I am well aware of this problem since I install every package in it's
own prefix, but (as you point out) it's a common problem. Perhaps the
standard should say that they help viewer must also look in /usr and
/usr/local apart from it's own prefix? Do we also need a standard name
of the environment variablr to use?

> As far as having the metadata as part of the main file goes: one
> drawback is the time penalty -- it is faster to read a number of small
> files to extract the metadata and see what docs are available (e.g.
> .desktop files) than to parse the same number of large document files.

I didn't really mean that the meta data must be embedded in large
document files, it could be a smaller file living besides the larger
files. My point was that the meta data should not be stored somewhere
else, rather be considered a part of the documentation. And how to store
if should be considered a part of the specification on which file
formats to use, rather than a separate issue, IMHO.

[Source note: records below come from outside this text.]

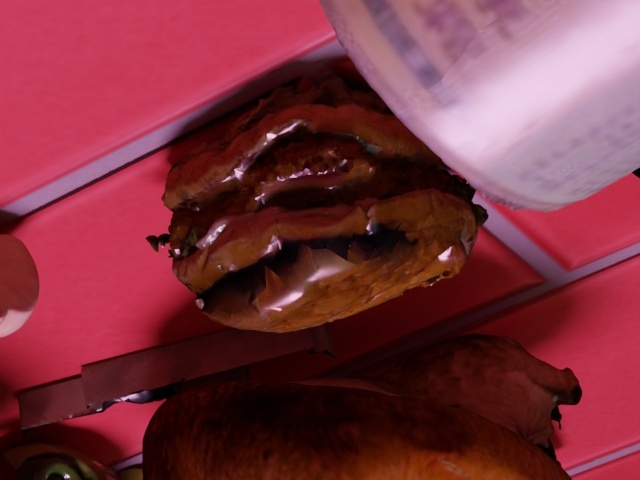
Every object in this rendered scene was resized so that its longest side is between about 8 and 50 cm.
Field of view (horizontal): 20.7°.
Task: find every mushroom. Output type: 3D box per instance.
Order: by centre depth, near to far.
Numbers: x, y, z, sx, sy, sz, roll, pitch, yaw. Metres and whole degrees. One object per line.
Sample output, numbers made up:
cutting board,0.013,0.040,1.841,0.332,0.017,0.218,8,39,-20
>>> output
mushroom,0.030,0.172,1.328,0.345,0.260,0.345,12,161,4

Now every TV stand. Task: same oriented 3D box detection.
TV stand,-0.113,0.103,1.347,0.249,0.036,0.042,-15,152,5

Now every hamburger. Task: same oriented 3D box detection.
hamburger,0.000,0.000,1.121,0.183,0.130,0.206,-24,151,24

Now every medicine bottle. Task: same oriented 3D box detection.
medicine bottle,0.201,-0.204,0.722,0.406,0.236,0.235,-32,145,33

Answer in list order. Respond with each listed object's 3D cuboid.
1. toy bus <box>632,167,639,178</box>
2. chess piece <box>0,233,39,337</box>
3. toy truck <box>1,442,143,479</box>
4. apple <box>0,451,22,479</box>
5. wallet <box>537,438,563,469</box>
toy bus,0.288,-0.052,1.058,0.136,0.209,0.126,12,113,-51
chess piece,-0.336,-0.001,1.011,0.397,0.117,0.117,12,143,-40
toy truck,-0.200,0.271,1.454,0.148,0.187,0.210,-25,149,33
apple,-0.332,0.256,1.245,0.288,0.317,0.288,-32,149,-22
wallet,0.095,0.201,1.576,0.220,0.071,0.262,-18,157,9
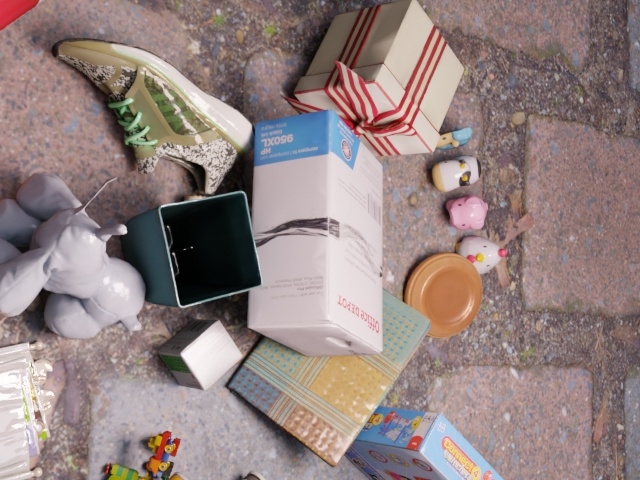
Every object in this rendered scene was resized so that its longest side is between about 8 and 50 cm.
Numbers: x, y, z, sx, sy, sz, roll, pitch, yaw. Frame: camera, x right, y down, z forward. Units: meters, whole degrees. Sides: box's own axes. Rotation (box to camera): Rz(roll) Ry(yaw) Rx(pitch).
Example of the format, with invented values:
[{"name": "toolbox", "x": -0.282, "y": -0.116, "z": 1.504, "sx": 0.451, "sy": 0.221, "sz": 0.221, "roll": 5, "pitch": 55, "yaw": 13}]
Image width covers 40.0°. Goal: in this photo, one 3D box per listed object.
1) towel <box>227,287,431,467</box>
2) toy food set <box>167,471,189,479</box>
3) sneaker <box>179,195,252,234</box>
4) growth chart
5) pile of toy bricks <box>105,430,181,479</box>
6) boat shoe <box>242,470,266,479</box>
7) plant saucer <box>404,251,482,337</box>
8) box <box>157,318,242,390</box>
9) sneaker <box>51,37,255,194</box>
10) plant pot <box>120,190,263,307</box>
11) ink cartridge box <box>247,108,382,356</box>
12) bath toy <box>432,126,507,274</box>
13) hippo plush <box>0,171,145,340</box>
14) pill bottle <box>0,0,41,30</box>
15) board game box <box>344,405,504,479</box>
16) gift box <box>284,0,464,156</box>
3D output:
[{"name": "towel", "x": 0.024, "y": 0.228, "z": 1.765, "sx": 0.271, "sy": 0.040, "sz": 0.370, "roll": 37, "pitch": 64, "yaw": 2}, {"name": "toy food set", "x": -0.191, "y": 0.473, "z": 1.552, "sx": 0.104, "sy": 0.111, "sz": 0.232, "roll": -46, "pitch": 138, "yaw": -32}, {"name": "sneaker", "x": -0.184, "y": -0.033, "z": 1.682, "sx": 0.185, "sy": 0.069, "sz": 0.084, "roll": 11, "pitch": 88, "yaw": -29}, {"name": "growth chart", "x": -0.516, "y": 0.286, "z": 1.427, "sx": 0.171, "sy": 0.021, "sz": 0.237, "roll": 0, "pitch": 86, "yaw": -37}, {"name": "pile of toy bricks", "x": -0.325, "y": 0.421, "z": 1.523, "sx": 0.105, "sy": 0.118, "sz": 0.212, "roll": 18, "pitch": 85, "yaw": 1}, {"name": "boat shoe", "x": -0.115, "y": 0.552, "z": 1.664, "sx": 0.068, "sy": 0.081, "sz": 0.228, "roll": -21, "pitch": 101, "yaw": -40}, {"name": "plant saucer", "x": 0.286, "y": 0.127, "z": 1.992, "sx": 0.199, "sy": 0.037, "sz": 0.200, "roll": -4, "pitch": 100, "yaw": -22}, {"name": "box", "x": -0.220, "y": 0.206, "z": 1.604, "sx": 0.102, "sy": 0.101, "sz": 0.087, "roll": -42, "pitch": 110, "yaw": -30}, {"name": "sneaker", "x": -0.300, "y": -0.212, "z": 1.565, "sx": 0.410, "sy": 0.158, "sz": 0.182, "roll": 30, "pitch": 78, "yaw": -29}, {"name": "plant pot", "x": -0.245, "y": 0.021, "z": 1.520, "sx": 0.165, "sy": 0.234, "sz": 0.166, "roll": -14, "pitch": 94, "yaw": -37}, {"name": "ink cartridge box", "x": 0.000, "y": 0.000, "z": 1.643, "sx": 0.285, "sy": 0.166, "sz": 0.395, "roll": 38, "pitch": 49, "yaw": -61}, {"name": "bath toy", "x": 0.343, "y": -0.085, "z": 2.037, "sx": 0.151, "sy": 0.129, "sz": 0.348, "roll": -20, "pitch": 99, "yaw": -36}, {"name": "hippo plush", "x": -0.395, "y": 0.032, "z": 1.438, "sx": 0.236, "sy": 0.294, "sz": 0.234, "roll": 53, "pitch": 11, "yaw": -49}, {"name": "pill bottle", "x": -0.561, "y": -0.411, "z": 1.327, "sx": 0.408, "sy": 0.229, "sz": 0.229, "roll": -48, "pitch": 113, "yaw": -29}, {"name": "board game box", "x": 0.204, "y": 0.460, "z": 1.774, "sx": 0.308, "sy": 0.302, "sz": 0.086, "roll": 48, "pitch": 61, "yaw": -24}, {"name": "gift box", "x": 0.101, "y": -0.324, "z": 1.805, "sx": 0.276, "sy": 0.255, "sz": 0.258, "roll": 40, "pitch": 62, "yaw": -34}]

> > Then there is the task of designing the help viewer(s), but that can
> > be done in just any way, as long as it knows about these two simple
> > things?
> 
> Using one application name for the help viewer would mean I could not
> have the GNOME help viewer and the KDE help viewer installed and
> usable at the same time.

If you really want to do that you can have different commands to invoke
them, in the same way as you can have different versions of the same
viewer. But my assumption is that must people don't want that (they even
want to avoid it), they want to use their favourite viewer all the time.